**RECORDS TO USE:**
+ + + + +

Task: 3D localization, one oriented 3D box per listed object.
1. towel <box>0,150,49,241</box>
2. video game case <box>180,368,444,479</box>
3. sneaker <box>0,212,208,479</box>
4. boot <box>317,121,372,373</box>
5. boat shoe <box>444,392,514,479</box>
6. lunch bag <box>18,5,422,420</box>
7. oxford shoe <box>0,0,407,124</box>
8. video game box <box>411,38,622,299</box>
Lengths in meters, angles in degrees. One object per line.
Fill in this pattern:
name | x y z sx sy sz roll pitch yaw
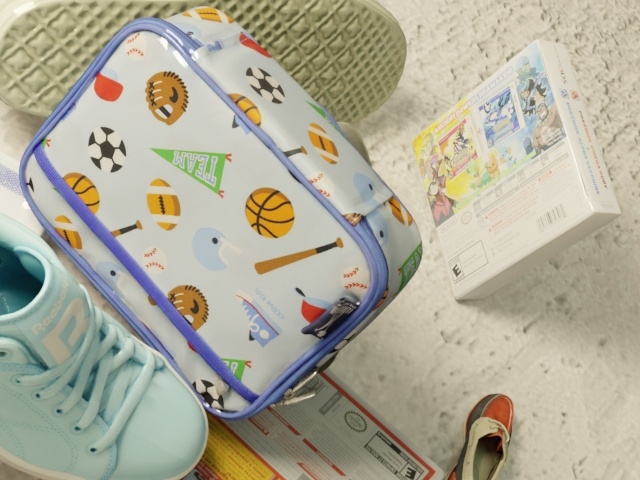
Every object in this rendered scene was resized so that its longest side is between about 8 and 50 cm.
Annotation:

+ + + + +

**WORK INSTRUCTION:**
Excluding images, output exactly the lines from the one that holds "Fill in this" through the final line of the material, both ends included.

**RESULT OF THE EXERCISE:**
Fill in this pattern:
name | x y z sx sy sz roll pitch yaw
Every object in this rendered scene was resized so that its longest side is between about 8 and 50 cm.
Annotation:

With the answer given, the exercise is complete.